# WHAT TO WORK ON
With the line containing "Example of the format, with" as the final line, restate exactly every line of the data below from the first one onward, and copy no pictures.

# DATA FOR ANALYSIS
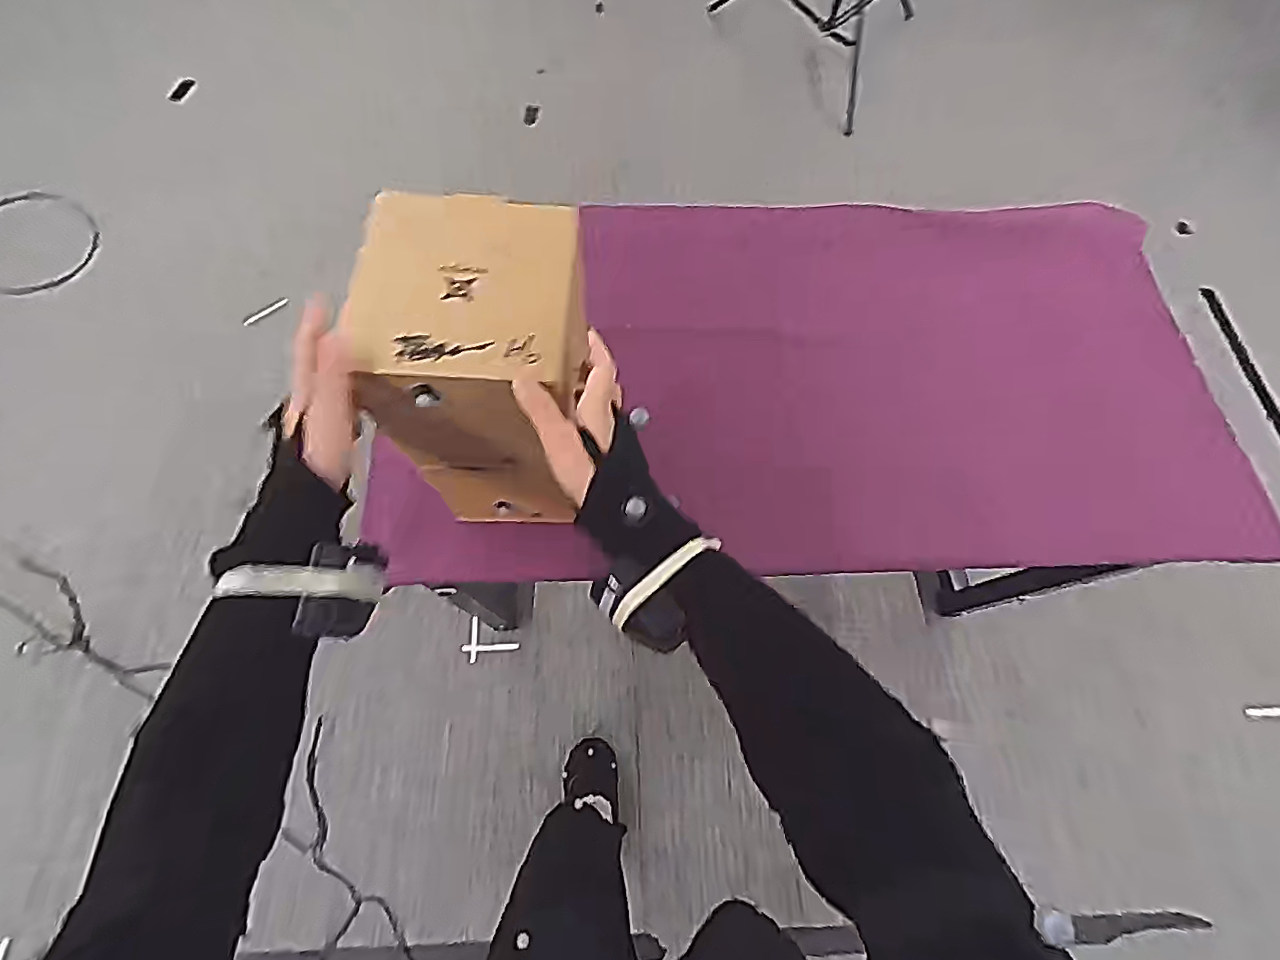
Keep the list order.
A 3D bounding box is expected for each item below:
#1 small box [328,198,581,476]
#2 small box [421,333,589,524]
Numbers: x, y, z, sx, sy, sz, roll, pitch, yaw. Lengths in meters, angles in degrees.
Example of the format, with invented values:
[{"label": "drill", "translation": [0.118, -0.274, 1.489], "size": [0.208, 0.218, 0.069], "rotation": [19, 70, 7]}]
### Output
[{"label": "small box", "translation": [-0.144, -0.120, 0.494], "size": [0.168, 0.176, 0.179], "rotation": [3, 67, -2]}, {"label": "small box", "translation": [-0.148, -0.058, 0.646], "size": [0.168, 0.176, 0.179], "rotation": [1, 68, -3]}]
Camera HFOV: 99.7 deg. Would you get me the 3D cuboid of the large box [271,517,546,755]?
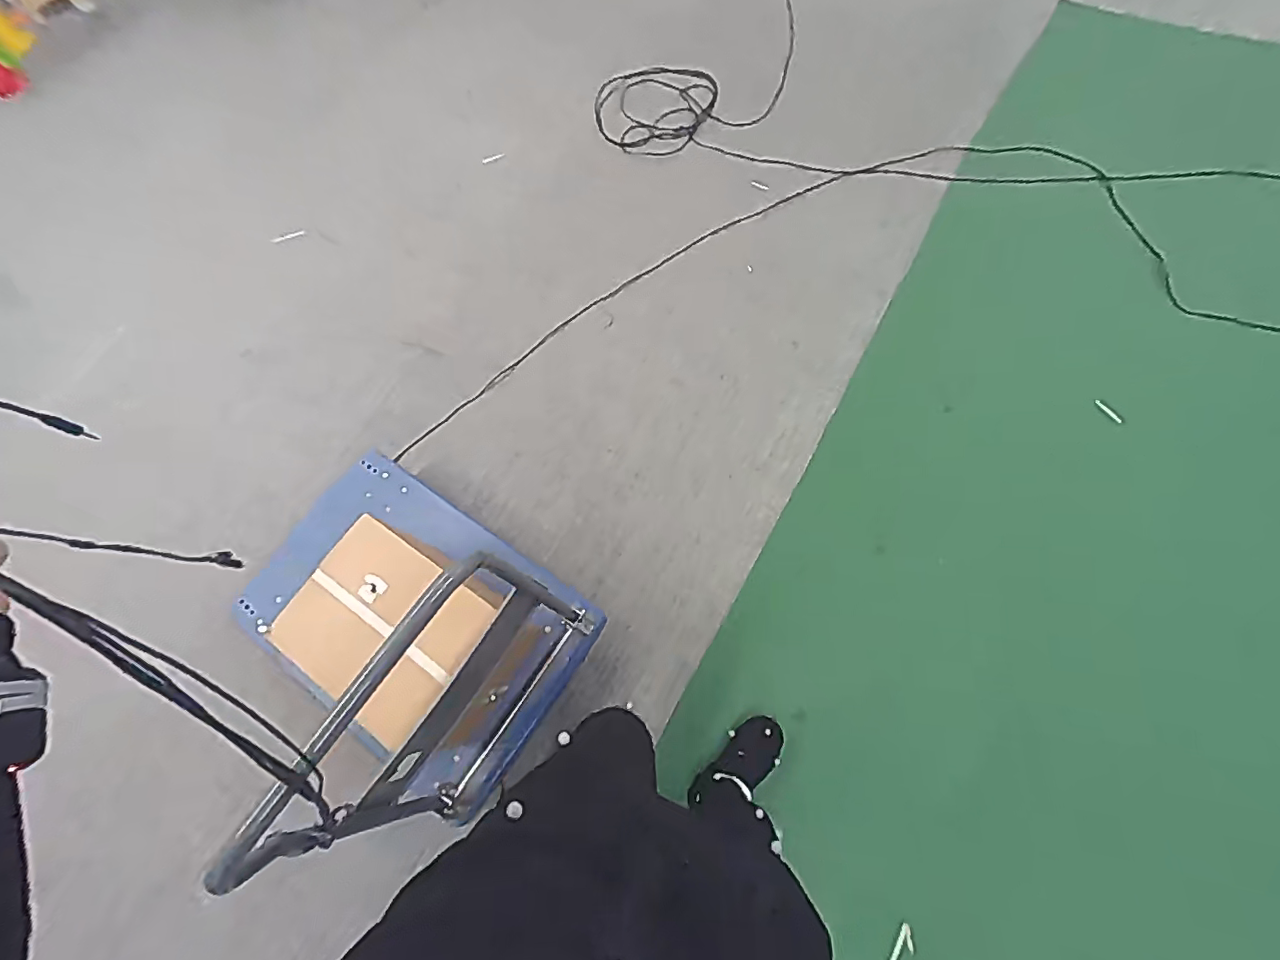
[{"bbox_3d":[-0.489,0.345,1.215,0.408,0.320,0.320,30,75,18],"label":"large box"}]
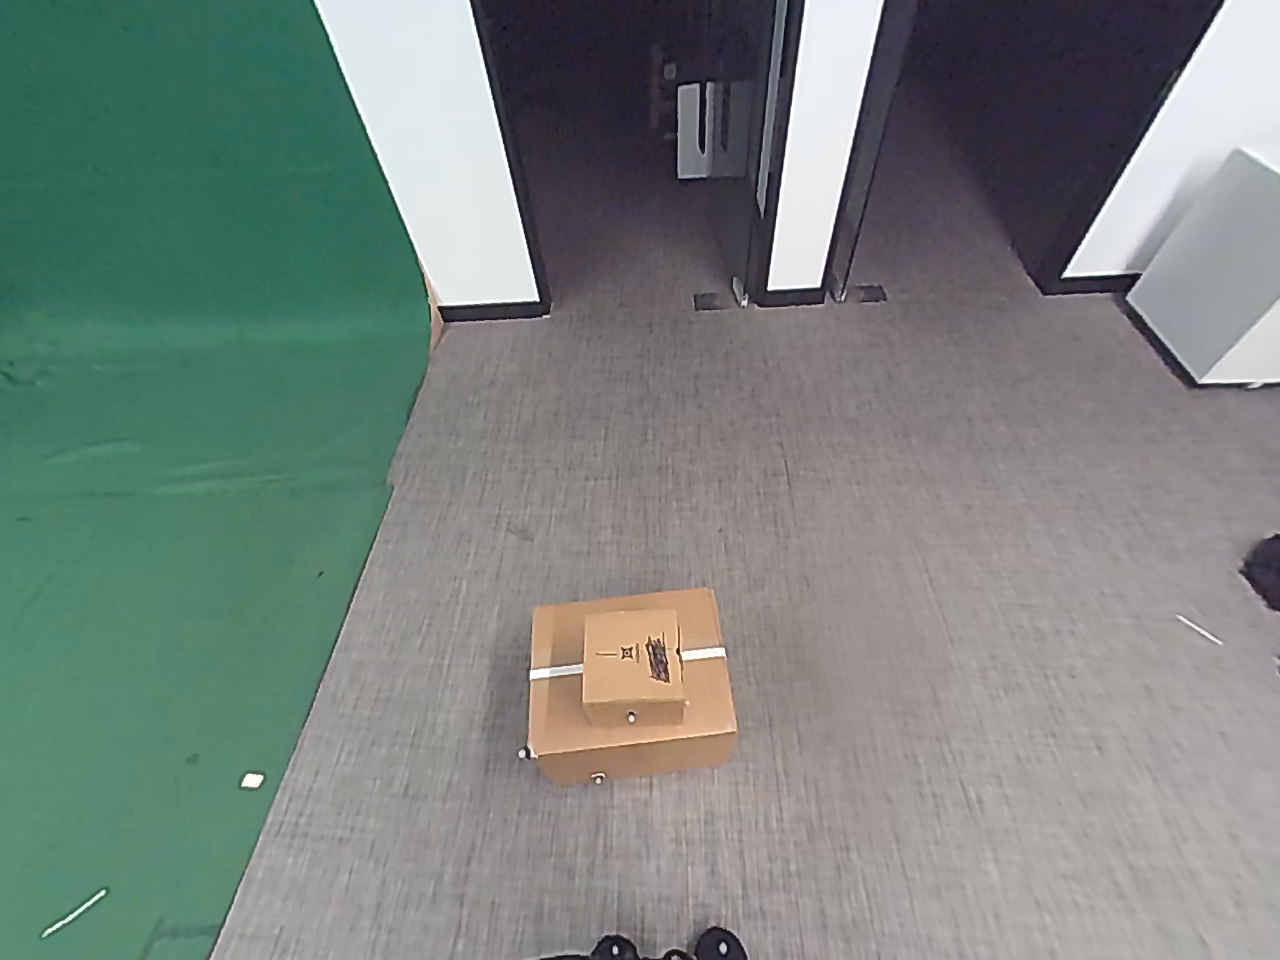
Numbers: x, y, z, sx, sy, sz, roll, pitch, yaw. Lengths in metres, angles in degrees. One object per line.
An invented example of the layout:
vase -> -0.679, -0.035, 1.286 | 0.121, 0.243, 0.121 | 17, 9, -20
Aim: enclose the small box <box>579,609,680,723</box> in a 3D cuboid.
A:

# RESPONSE TO THE EXERCISE
Keep the list order.
A 3D bounding box is expected for each item below:
#1 small box [328,198,581,476]
#2 small box [421,333,589,524]
Numbers: x, y, z, sx, sy, sz, roll, pitch, yaw. Lengths in meters, angles in degrees.
Example of the format, with invented values:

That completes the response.